Deux étudiantes de ce syndicat s’insurgent : « Depuis la rentrée, nous
nous opposons à la politique de sélection qui règne à Nanterre et qui a
abouti à la non-insciption de nombreux étudiants, d’origine étrangère ou
venant de filiales peu valorisantes,bac pro notamment. Nous refusons
une telle discrimination, qui a pour motif de faire de Nanterre une
université de prestige, un espace pour privilégiés, qui puisse s’insérer
dans le grand projet « Seine-Arche » visant à étendre le pôle
d’excellence de la Défense jusqu’à Nanterre. C’est une honte. Aussi
avons-nous décidé d’occuper la tour administrative dans la nuit du lundi
au mardi 21 octobre. » La BAC est venue les déloger, à coups de
matraque. Le lendemain, près de 400 étudiants scandalisés se
rassemblaient pour demander un dialogue avec la direction. Pour toute
réponse, la présidence leur envoyait un cordon de vigiles munis de
bombes lacrymogènes, qu’ils n’ont pas hésité à utiliser. Et annonçait la
fermeture du local des JCR. La SNASUB, dans un communiqué, condamnait
cette « tentative d’entraver l’expression démocratique en muselant les
organisations syndicales », en particulier celles qui ne sont pas
représentées au conseil d’administration.

A la tension entre la direction et les étudiants, s’ajoute celle qui
secoue les organisations étudiantes.
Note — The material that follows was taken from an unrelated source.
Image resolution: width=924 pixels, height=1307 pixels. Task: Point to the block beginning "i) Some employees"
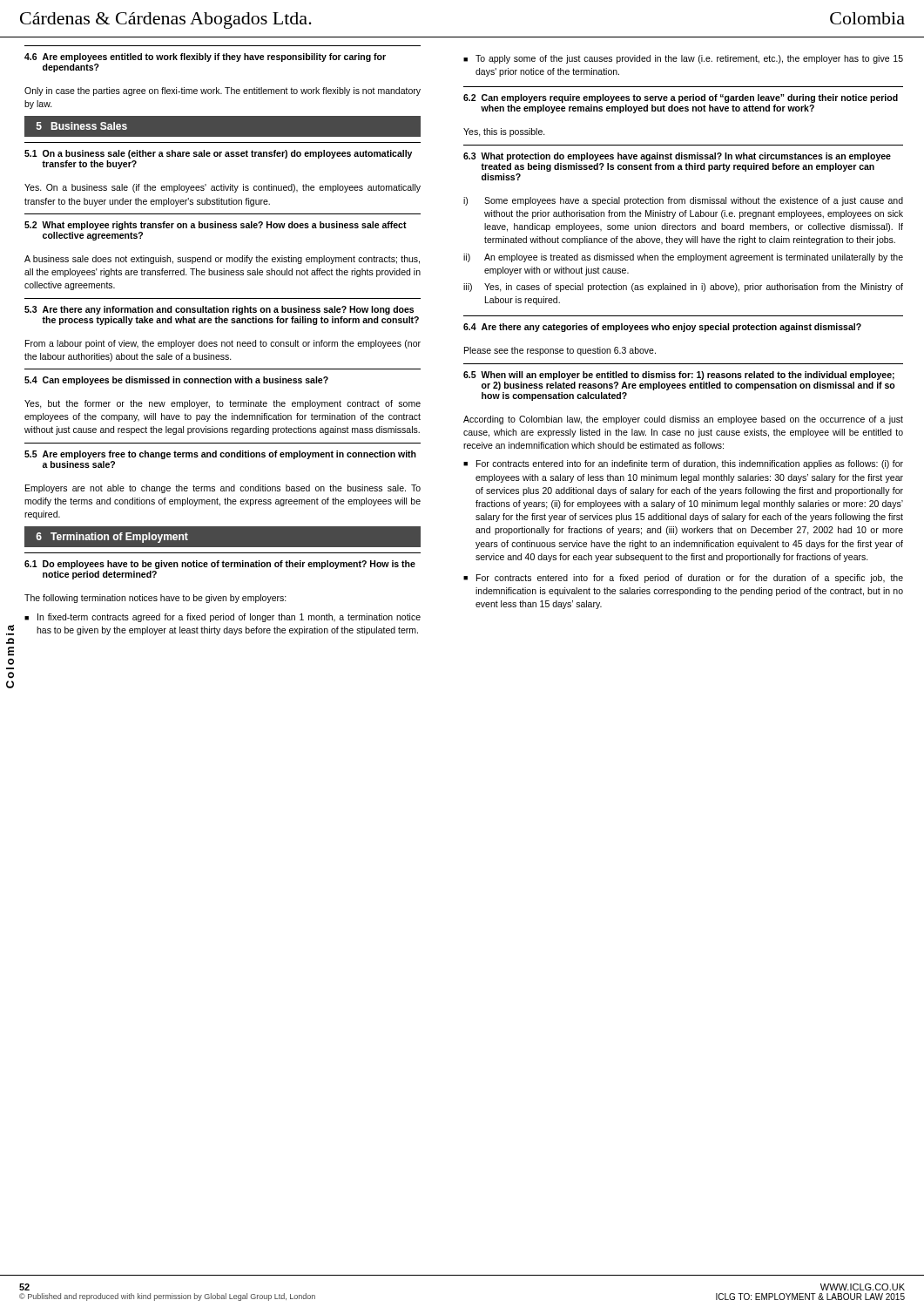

L’Unef, le syndicat majoritaire de
gauche, est très critiqué. Pour Sébastien, « les syndicats étudiants
traditionnels comme l’Unef, qui eux siègent au conseil
d’administration, ne se sont pas battus contre cette politique du
tout-sécuritaire qui augure de la privatisation des facs. Les étudiants
ne se sentent pas représentés. C’est pour cela que ces actions
spontanées sont de plus en plus nombreuses et le seront d’autant plus
qu’aucun dialogue n’est possible ni avec la présidence de 1’université,
ni avec les syndicats. » Un constat qu’approuve Gabriel, un autre
étudiant : « Si les attaques se multiplient, les résistances aussi. A
Nanterre, on voit bien qu’il y a beaucoup plus d’étudiants que les
années précédentes prêts à se bouger. » En effet, les campagnes de
distribution de tracts sont légion « quand on ne nous arrache pas les
tracts des mains », précise Sébastien. Les AG succèdent aux AG. Des
actions s’inventent et se concrétisent, à l’image de la tentative de
destruction du mur. Comme le souligne une étudiante, « on fait tout pour
que la présidence, qui tente, par tous les moyens, d’éviter les
rassemblements, de restreindre les échanges, de mettre au pas la vie
estudiantine, déjà bien morose, ne l’emporte pas. » Même s’ils se
sentent souvent confinés, bâillonnés, les contestataires étudiants, les
« enragés » comme ils se sont surnommés en référence à Mai 68, veulent
jouer les trublions, afin de faire entendre haut et fort que l’avenir de
l’Université mérite un vrai débat public. Quitte à opter pour la
radicalité. Et à se faire exclure.

Aline Chambras

(1) Le lundi 29 mars 2004, à 14 h, manifestation de soutien devant le
ministère de l’Éducation nationale, où se tiendront les conseils de
discipline (salle 205, 101, rue de Grenelle, Paris VII).